I have been reading President Obama’s book, The Audacity of Hope. It’s actually well-written, except for one section–the Faith section. Take this paragraph from page 218:
This brings us to a different point–the manner in which religious views should inform public debate and guide elected officials. Surely secularists are wrong when they ask believers to leave their religion at the door before entering the public square; Frederick Douglass, Abraham Lincoln, William Jennings Bryan, Dorothy Day, Martin Luther King, Jr.–indeed, the majority of great reformers in American history–not only were motivated by faith but repeatedly used religious language to argue their causes. To say that men and women should not inject their “personal morality” into public-policy debates is a practical absurdity; our law is by definition a codification of morality, much of it grounded in the Judeo-Christian tradition.
Obama is correct that it is impossible to keep one’s faith out of public debate. He continues:
What our deliberative, pluralistic democracy does demand is that the religiously motivated translate their concerns into universal, rather than religion-specific, values. It requires that their proposals must be subject to argument and amenable to reason. If I am opposed to abortion for religious reasons and seek to pass a law banning the practice, I cannot simply point to the teachings of my church or invoke God’s will and expect that argument to carry the day. If I want others to listen to me, then I have to explain why abortion violates some principle that is accessible to people of all faiths, including those with no faith at all.
At this point he has said two things: 1) that everyone brings their faith to public debate, and 2) that the only theological position that is allowed in public debate is Universalism. He further posits that only Universalist arguments are “amenable to reason.” Like all Universalists, his god is reason. For Universalists, reason makes the rules, whereas for Christians, God makes the rules. So, Christians can engage in public debate as long as they ignore God’s demand for exclusive religious allegiance (the First Commandment), as he does.

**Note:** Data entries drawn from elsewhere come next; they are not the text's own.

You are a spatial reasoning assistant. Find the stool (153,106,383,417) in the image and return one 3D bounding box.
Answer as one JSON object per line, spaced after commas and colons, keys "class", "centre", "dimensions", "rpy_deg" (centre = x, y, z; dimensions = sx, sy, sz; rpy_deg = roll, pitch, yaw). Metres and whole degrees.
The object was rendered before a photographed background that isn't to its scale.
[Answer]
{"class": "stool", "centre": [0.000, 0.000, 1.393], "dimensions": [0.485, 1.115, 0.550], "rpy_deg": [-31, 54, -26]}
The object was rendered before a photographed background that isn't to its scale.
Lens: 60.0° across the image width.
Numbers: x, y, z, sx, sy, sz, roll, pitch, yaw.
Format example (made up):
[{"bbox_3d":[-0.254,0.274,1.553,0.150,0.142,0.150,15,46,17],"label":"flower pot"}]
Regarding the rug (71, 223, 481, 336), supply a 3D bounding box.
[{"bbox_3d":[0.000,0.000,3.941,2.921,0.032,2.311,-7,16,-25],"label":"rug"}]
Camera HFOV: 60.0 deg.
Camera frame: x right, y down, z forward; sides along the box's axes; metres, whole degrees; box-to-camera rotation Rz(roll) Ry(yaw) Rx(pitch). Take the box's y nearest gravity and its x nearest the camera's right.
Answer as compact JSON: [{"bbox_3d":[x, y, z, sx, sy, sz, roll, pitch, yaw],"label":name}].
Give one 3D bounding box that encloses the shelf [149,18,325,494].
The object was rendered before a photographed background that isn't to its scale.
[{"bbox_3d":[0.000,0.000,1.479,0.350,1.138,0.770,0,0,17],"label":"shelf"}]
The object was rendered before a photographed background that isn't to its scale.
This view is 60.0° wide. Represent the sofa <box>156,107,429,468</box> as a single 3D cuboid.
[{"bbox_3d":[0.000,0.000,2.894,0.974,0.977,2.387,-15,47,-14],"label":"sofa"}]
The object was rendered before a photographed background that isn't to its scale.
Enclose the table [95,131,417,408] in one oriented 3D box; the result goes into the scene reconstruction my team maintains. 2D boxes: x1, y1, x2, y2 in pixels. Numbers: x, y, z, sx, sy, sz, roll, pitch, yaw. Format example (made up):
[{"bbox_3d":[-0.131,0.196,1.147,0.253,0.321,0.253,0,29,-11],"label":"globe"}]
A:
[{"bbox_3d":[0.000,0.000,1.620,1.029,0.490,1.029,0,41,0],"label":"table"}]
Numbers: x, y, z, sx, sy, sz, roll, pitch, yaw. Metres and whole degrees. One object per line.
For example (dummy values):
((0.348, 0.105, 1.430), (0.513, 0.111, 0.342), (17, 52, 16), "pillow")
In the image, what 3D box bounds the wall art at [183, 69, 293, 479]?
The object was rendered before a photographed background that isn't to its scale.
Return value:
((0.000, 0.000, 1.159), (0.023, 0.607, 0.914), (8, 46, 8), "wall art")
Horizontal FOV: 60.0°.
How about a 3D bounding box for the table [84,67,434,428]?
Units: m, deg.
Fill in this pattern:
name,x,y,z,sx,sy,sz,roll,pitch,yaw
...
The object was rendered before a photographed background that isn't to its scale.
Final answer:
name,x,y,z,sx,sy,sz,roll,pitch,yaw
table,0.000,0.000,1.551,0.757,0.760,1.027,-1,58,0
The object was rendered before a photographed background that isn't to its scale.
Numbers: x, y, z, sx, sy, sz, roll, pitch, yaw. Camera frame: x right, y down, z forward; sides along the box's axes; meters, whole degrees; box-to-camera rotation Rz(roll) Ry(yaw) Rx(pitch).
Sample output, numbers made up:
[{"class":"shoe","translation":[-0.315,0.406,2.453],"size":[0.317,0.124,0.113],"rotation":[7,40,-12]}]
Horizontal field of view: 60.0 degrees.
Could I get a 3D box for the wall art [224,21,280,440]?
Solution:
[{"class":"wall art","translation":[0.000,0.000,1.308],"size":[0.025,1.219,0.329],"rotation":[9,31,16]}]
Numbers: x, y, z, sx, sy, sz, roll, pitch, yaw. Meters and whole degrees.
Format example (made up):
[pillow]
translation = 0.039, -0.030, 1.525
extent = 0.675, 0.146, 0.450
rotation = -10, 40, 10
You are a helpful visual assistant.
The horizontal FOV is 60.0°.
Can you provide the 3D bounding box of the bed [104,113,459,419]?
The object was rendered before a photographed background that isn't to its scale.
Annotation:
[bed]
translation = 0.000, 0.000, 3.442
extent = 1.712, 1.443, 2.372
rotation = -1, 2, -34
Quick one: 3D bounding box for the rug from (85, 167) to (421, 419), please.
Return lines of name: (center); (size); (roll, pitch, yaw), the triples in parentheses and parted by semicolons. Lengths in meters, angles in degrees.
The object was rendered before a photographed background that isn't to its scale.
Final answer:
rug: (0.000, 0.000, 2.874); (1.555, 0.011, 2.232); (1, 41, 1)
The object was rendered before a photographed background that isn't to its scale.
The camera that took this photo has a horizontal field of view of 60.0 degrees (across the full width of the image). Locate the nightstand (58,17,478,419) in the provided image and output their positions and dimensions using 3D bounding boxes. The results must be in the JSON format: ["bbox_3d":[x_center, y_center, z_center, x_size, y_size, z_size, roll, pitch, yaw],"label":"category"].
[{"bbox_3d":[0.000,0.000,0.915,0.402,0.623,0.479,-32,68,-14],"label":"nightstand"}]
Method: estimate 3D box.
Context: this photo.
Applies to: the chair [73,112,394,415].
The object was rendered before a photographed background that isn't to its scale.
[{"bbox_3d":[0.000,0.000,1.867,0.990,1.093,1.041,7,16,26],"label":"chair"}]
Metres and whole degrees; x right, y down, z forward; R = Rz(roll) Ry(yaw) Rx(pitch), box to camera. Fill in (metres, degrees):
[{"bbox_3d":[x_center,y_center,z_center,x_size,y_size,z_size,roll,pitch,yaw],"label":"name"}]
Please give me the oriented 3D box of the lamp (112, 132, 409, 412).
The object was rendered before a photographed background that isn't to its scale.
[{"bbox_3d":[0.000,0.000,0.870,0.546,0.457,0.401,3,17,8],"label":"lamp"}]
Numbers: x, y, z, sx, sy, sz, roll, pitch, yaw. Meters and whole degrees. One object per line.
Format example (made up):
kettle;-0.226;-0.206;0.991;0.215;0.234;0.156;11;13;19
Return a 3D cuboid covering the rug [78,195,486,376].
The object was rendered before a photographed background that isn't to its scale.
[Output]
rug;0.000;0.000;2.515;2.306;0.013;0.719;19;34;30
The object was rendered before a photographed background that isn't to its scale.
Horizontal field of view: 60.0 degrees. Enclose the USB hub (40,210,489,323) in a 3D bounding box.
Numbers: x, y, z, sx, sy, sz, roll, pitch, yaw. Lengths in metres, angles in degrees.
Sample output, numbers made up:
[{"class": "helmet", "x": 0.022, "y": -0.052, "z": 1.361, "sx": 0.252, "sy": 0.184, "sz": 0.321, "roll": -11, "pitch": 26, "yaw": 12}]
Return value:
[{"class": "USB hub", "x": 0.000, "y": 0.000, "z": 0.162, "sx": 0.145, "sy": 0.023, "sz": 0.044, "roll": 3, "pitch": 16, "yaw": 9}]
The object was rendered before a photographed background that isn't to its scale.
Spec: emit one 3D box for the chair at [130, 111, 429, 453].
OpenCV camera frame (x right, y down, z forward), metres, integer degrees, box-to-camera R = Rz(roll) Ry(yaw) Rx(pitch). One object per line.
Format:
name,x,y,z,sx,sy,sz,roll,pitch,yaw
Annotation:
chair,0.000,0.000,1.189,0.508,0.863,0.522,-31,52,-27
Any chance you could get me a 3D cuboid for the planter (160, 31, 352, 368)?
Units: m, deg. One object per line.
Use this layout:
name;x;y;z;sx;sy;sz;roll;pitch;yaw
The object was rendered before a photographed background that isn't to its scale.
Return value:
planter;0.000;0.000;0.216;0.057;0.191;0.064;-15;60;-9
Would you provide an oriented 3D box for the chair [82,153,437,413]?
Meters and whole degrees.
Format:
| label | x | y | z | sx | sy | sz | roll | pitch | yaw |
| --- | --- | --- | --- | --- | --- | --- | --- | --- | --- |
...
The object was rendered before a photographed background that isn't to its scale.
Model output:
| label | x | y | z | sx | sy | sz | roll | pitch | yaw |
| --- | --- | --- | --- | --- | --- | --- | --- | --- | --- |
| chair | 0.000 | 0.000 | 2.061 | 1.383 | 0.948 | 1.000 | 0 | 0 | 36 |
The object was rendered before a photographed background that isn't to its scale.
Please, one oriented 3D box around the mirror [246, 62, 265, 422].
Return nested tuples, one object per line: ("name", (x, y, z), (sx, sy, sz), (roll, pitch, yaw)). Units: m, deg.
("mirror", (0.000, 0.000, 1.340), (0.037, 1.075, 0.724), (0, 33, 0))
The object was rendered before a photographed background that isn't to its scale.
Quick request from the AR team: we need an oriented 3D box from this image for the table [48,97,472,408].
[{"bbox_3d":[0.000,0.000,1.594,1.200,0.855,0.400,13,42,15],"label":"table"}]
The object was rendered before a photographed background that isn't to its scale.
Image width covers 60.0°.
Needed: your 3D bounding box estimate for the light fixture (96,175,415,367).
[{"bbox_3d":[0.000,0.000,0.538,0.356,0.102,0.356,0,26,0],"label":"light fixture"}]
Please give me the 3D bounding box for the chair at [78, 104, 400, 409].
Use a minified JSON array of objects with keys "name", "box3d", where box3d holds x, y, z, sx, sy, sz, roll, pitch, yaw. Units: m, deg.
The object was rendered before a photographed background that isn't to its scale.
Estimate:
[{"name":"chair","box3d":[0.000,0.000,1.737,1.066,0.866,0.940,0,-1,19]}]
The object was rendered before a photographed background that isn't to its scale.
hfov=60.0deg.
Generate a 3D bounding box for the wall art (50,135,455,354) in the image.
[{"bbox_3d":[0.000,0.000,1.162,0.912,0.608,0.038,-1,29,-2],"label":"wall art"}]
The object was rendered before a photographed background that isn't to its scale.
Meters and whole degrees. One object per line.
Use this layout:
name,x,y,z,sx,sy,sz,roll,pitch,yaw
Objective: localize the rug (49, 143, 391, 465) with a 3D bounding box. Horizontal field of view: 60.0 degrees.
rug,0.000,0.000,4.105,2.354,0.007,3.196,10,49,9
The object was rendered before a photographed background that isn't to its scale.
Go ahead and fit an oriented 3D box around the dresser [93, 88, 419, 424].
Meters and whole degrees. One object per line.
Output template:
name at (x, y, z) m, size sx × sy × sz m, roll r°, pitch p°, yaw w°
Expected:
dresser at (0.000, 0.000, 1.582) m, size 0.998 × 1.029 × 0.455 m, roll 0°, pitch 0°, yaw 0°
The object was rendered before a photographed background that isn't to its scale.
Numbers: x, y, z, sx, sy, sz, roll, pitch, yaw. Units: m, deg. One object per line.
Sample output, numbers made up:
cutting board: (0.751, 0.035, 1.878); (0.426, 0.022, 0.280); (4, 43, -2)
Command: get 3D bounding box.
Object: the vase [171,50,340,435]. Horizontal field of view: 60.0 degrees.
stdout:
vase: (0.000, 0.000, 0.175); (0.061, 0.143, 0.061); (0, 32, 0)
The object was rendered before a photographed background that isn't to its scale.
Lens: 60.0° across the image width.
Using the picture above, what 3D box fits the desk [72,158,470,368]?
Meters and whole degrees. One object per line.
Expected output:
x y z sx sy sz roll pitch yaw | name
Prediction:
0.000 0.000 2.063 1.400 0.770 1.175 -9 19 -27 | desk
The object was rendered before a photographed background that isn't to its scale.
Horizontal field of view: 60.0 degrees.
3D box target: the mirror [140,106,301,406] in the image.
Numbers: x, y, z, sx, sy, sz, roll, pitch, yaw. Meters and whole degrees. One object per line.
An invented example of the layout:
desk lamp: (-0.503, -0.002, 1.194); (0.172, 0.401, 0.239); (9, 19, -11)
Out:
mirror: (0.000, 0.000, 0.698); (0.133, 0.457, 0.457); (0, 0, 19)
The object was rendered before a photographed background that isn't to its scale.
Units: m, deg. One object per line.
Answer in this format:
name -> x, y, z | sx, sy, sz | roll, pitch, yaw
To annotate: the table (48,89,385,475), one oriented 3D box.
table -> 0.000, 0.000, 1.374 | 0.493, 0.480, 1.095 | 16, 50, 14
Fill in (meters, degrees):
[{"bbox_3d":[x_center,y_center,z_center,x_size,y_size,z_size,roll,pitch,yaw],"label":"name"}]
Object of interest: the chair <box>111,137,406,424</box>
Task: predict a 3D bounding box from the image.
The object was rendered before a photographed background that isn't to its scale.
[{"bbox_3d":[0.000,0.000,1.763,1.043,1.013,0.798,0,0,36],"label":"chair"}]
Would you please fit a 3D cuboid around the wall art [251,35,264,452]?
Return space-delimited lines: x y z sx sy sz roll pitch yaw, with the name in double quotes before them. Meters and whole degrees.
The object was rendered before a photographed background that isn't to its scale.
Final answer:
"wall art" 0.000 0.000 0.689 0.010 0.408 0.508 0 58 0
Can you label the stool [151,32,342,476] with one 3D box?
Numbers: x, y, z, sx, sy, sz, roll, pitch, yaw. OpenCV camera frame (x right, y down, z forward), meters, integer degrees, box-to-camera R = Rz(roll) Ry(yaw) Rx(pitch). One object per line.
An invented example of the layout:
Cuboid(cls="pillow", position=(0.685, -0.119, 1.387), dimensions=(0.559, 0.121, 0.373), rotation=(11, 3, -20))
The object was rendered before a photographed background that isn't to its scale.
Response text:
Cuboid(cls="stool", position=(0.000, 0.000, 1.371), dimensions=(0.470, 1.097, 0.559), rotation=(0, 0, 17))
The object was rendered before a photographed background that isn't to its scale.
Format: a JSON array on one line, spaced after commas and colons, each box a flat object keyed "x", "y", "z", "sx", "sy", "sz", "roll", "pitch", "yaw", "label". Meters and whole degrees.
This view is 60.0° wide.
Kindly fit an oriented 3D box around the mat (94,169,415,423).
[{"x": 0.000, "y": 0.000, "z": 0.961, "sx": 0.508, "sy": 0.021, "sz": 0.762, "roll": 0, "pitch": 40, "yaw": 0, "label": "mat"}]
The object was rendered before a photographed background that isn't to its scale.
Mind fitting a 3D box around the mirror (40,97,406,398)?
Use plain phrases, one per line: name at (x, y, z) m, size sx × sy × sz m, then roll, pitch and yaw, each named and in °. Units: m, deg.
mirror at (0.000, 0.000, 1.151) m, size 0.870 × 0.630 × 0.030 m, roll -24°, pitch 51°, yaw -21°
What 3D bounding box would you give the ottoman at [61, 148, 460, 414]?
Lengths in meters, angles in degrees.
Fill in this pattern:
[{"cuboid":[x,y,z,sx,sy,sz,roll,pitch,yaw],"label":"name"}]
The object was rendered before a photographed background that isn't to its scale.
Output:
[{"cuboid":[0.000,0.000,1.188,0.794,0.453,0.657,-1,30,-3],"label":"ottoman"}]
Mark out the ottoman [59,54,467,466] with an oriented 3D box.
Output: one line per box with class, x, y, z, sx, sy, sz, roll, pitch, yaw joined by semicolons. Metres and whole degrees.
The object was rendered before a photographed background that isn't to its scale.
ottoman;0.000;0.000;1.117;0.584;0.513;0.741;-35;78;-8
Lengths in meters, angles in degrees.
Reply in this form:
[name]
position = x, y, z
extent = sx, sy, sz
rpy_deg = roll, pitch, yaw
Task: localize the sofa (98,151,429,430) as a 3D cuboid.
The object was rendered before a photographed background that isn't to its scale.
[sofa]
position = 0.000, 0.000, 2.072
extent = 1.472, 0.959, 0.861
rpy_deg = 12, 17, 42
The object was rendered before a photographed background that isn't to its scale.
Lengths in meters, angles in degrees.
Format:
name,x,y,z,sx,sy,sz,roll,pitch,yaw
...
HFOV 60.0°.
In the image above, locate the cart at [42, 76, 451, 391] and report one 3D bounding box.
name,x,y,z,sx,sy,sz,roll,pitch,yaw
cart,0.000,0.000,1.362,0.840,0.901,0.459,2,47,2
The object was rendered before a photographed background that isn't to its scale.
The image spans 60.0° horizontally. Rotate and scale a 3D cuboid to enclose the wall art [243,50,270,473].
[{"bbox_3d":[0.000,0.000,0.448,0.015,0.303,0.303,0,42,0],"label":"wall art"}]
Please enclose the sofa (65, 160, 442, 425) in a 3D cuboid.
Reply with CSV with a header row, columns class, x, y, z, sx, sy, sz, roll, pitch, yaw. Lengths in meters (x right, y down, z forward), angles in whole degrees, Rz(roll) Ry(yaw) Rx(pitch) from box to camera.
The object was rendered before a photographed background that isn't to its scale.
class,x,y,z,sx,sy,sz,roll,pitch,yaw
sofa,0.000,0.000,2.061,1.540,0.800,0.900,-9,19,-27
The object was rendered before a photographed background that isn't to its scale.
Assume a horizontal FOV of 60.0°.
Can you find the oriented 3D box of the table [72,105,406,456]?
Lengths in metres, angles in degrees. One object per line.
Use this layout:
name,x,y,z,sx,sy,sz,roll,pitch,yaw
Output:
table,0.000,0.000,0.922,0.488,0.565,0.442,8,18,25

President Obama’s position here is fundamentally pagan (regardless of what labels he assigns to his faith) in that it is a denial of God’s exclusive claim on humanity.
His example is abortion, and he suggests that religionists cannot consult their religious teachings or holy books for guidance, but can only appeal to reason. If, then, there is a reasonable argument against murder, he should not support abortion. But he does support abortion, and he does so based upon his religious views that a fetus is not a person. His support of abortion constitutes an insistence that all people understand and accept his view that a fetus is not a person–because if it is, then he would be supporting murder! So, he is doing exactly what he doesn’t want Christians to do in public debate. He is imposing his view as the only acceptable view of the matter by suggesting that it is universally held. which it is not.
He then tackles the inerrancy of the Bible:
For those who believe in the inerrancy of the Bible, as many evangelicals do, such rules of engagement may seem just one more example of the tyranny of the secular and material worlds over the sacred and eternal. But in a pluralistic democracy, we have no choice. Almost by definition, faith and reason operate in different domains and involve different paths to discerning truth. Reason–and science–involves the accumulation of knowledge based on realities that we can all apprehend. Religion, by contrast, is based on truths that are not provable through ordinary human understanding–they “believe in things not seen.” When science teachers insist on keeping creations or intelligent design out of their classrooms, they are not asserting that scientific knowledge is superior to religious insight. They are simply insisting that each path to knowledge involves different rules and that those rules are not interchangeable
Yes, his rules of engagement are an example of the tyranny of the secular and material perspective over a faithfully biblical perspective, a perspective that honors God’s exclusive claim on humanity. He posits that faith and reason operate in different domains, but do they really? The answer is yes and no. This argument originates from the biblical statement that “The natural person does not accept the things of the Spirit of God, for they are folly to him, and he is not able to understand them because they are spiritually discerned” (1 Corinthians 2:14). This line of argument of his actually serves to uncover his own folly in the matter because he is arguing that reason is superior to faith in the public domain because not everyone has access to the things of the Spirit of God. But as a Christian he should understand that the things of the Spirit of God are not unreasonable, but actually extend the domain of reason to include the perspective of God. This means that the perceptions of faith provide additional information that the faithless do not have. So, if we are to use all of the information at hand for public debate regarding policy, the things of faith should be no less denied than, for instance, than the math and/or physics involved in the development of nuclear reactors. The understanding of the math and physics involved will not be equally available to everyone. Similarly, the things of the Spirit of God–of faith–are not equally available to everyone either.
It seems pretty clear after reading his chapter on faith that President Obama has only a Universalist understanding of Christianity, which is not a biblical understanding of Christianity. He appears to be a liberal Christian in the Machen sense that Liberalism constitutes, not a Christian perspective, but a completely pagan perspective. (See Liberalism and Christianity, by J. Gresham Machen.)